Cette page a été validée par deux contributeurs.

correspondance qui était même devenue plus abondante. L’amie avait été plusieurs fois recherchée depuis ; mais elle avait dissimulé avec soin. Cependant elle avait été elle-même plusieurs fois l’objet de recherches qu’elle avait repoussées avec une sorte d’horreur, et sa mère avait renoncé à lui communiquer celles qui se produisirent plus tard. On verra que sa mère était bien disposée à ne pas contrarier ses sentiments. Au mois de novembre 1895, c’est-à-dire quatre ans après l’éventualité qui avait provoqué l’attaque de chorée, l’amie répondit par une acceptation à une offre accueillie par sa famille, et la dissimulation ne fut pas longtemps possible. À une crise de pleurs qui dura plusieurs heures, on vit succéder une attitude de résignation qui parut de bon augure ; la jeune fille déclara que, puisque son amie se mariait, elle ne pouvait plus lui inspirer que du dégoût, qu’elle ne la reverrait plus. La mère, qui surveillait l’insomnie et l’absence d’alimentation à peu près complète, n’était pas sans inquiétude ; on épiait ses mouvements particulièrement la nuit. Mais le troisième jour au matin, elle sortit avec une tranquillité apparente pour une promenade qui n’inspira pas d’inquiétude. Quelques heures plus tard, on la retrouvait morte dans un puits abandonné.

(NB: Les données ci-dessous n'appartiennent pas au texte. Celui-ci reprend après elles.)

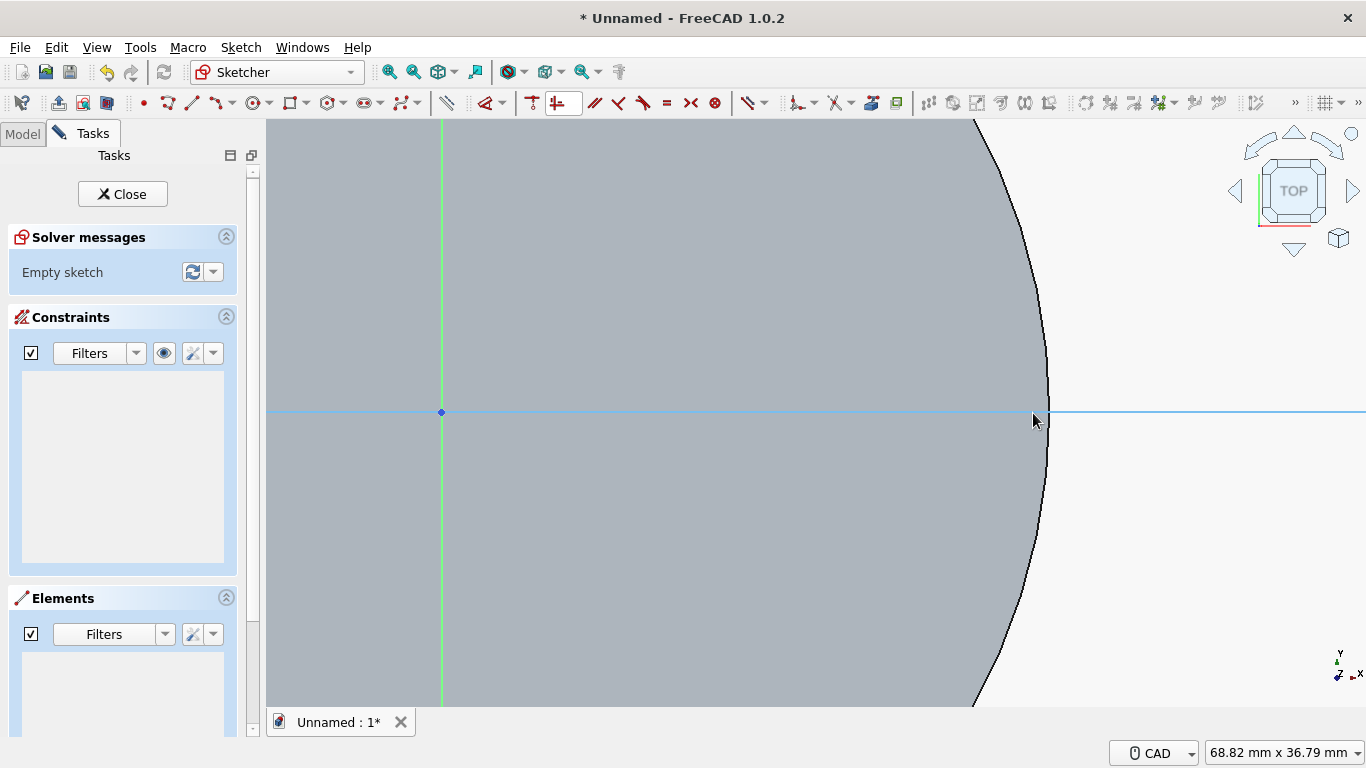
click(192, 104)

La mère ne connaissait à sa fille morte pas plus qu’à sa fille vivante aucune anomalie somatique et en particulier aucune anomalie des organes génitaux ou des organes sexuels accessoires ; les hanches étaient bien développées, les seins plutôt volumineux. Cependant elle ne doute pas qu’il ait existé chez celle qui s’est suicidée, des anomalies des sentiments sexuels. Cette opinion s’appuie sur certaines particularités qu’elle avait remarquées chez sa fille et qu’elle avait éprouvées elle-même.

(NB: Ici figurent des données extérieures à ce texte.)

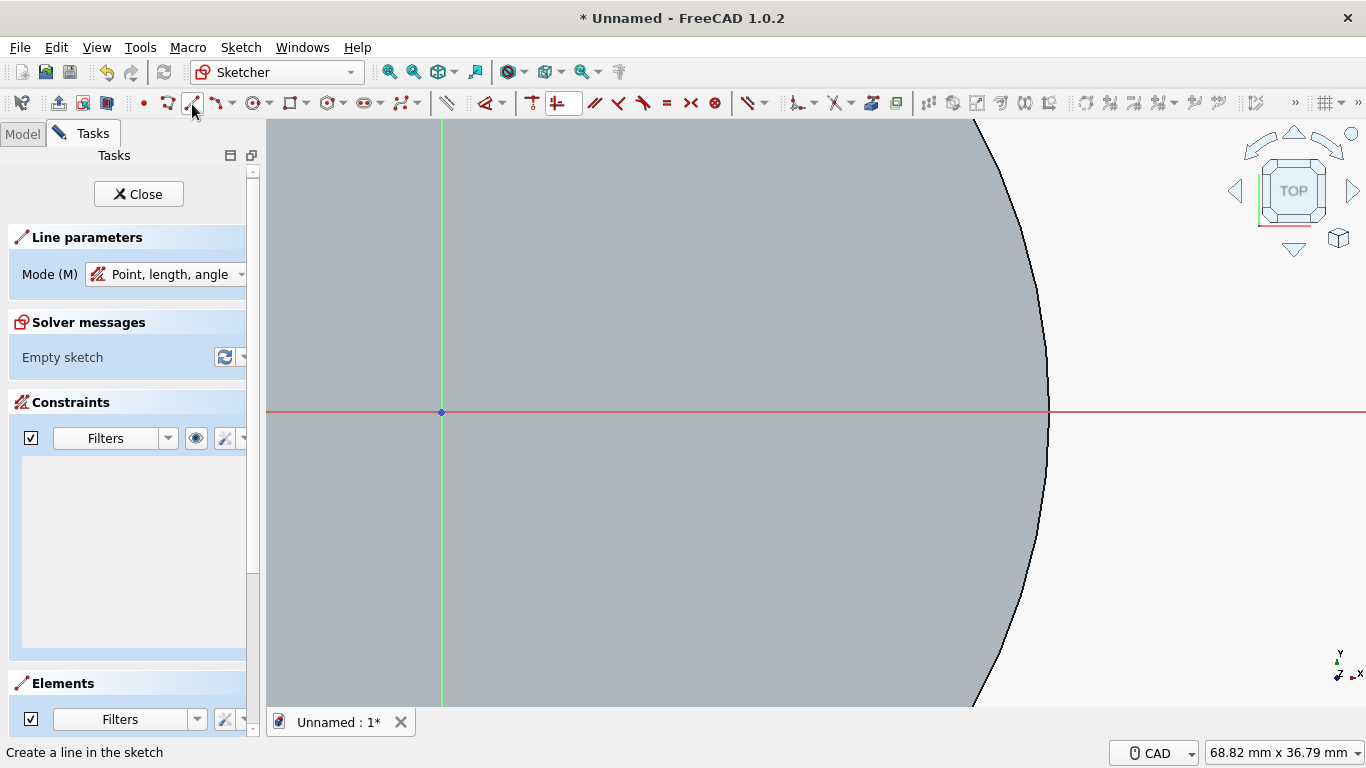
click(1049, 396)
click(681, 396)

Elle a cinquante-trois ans. Elle appartient à une famille qui a toujours vécu à la campagne et composée de gens qui paraissaient sains au point de vue mental : son père est mort à cinquante-six ans d’une fluxion de poitrine ; un oncle paternel vit encore à soixante-douze ans et se porte bien, mais est affecté depuis au moins vingt ans d’un tremblement des mains. Une tante paternelle, vivante aussi, est atteinte de rhumatisme chronique depuis l’âge de quarante-huit ans ; la mère est morte d’un cancer utérin, à cinquante-cinq ans ; elle avait une sœur jumelle morte l’année suivante de la même affection. Un oncle paternel est d’une santé parfaite à soixante-deux ans. Parmi ses collatéraux, elle ne connaît pas d’aliénés, ni de gens excentriques ; mais dans la ligne maternelle il y a plusieurs jumeaux.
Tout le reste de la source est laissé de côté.